WWOOFing my way through SE Aisa

I first heard about WWOOFing from my flatmate. He bought a one way ticket to South America to travel around mostly through WWOOFing.

I think the idea initially interested me because it was a good way to travel for longer. But as I grew tired of my 9 to 5 job (which was more like 7 to 7 job), I started thinking more about alternative income source and alternative living. WWOOFing seemed like a really good way to see how other people self-sustainably live, and try and see if I like it too.

First stop was Malaysia. No particular reason, I just found a cool WWOOFing place. I bought my one way ticket.

Rainforest Treehouse was located in a very small village just outside of Kulai, Johor. And it actually is a collection of treehouse in the middle of a rainforest jungle.
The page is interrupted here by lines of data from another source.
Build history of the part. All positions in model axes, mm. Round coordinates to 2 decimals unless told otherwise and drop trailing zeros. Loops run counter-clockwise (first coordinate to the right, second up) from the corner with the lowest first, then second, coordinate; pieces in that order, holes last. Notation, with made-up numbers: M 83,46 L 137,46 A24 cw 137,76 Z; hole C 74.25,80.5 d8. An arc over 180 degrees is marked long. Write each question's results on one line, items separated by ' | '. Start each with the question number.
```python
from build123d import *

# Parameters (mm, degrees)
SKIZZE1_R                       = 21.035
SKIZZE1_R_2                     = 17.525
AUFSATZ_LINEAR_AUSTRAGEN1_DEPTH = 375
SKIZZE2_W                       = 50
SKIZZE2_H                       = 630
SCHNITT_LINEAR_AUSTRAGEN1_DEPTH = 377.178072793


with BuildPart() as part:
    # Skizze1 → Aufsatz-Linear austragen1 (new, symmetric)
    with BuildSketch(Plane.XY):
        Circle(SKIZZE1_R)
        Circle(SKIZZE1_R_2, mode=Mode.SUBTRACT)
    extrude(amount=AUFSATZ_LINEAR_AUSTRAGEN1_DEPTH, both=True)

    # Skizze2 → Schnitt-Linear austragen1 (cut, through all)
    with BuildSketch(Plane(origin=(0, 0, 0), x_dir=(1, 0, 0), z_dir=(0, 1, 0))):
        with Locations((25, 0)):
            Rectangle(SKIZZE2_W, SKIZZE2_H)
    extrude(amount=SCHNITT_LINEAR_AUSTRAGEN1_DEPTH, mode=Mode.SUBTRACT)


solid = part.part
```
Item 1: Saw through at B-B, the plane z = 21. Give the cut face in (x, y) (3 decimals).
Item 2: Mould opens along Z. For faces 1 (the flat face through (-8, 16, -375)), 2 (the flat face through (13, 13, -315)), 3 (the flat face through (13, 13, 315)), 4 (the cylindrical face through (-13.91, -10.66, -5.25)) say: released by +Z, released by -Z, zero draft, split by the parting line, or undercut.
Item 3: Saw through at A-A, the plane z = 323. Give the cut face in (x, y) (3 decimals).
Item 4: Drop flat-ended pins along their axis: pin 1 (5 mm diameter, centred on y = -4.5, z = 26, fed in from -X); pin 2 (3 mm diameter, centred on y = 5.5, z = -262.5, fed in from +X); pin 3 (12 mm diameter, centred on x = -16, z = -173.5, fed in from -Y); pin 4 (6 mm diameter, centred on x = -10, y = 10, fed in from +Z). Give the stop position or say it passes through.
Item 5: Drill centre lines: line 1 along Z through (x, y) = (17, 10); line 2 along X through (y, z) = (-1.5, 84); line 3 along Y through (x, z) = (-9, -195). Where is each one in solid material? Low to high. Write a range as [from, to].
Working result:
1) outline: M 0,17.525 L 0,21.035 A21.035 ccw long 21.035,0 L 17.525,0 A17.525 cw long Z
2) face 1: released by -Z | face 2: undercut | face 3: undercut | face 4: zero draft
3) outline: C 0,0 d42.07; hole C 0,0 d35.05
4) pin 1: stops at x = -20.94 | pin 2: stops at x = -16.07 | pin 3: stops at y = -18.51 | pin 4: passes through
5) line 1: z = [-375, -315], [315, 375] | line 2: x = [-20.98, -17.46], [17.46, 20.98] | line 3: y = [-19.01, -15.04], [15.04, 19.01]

This place is run by Yao and Michelle. Yao built this forest commune with help from two other local aboriginal guys (Salim and Alang). Michelle used to be a weekend volunteer and decided to live at the treehouse full time, and left her advertising life in Singapore – sounds like me!


one of the 7 treehouses for guests.

This place has been open to public for 2 years. People can rent it out for a night or two, and have a taste of the simpler lifestyle in the forest. There are 7 houses open to public. My job was to carry food for the guests up the mountain in the mornings, clean up the houses and set it ready for the new guests to come in. And every night at 5, me and other volunteers will go up to the ‘hall’ treehouse where we’ll prepare dinner. Starting with making big enough fire to boil water.


Skylight in one of the treehouse. Getting up is easy with this bad boy

As much as I try no to, I am a city girl. I know the concept of making fire, but I’ve never had to do it myself, and keep it going for hours. It wasn’t difficult, but doing anything in 32 degree heat and 90%+ humidity is hard work! At least now I have an essential life skill.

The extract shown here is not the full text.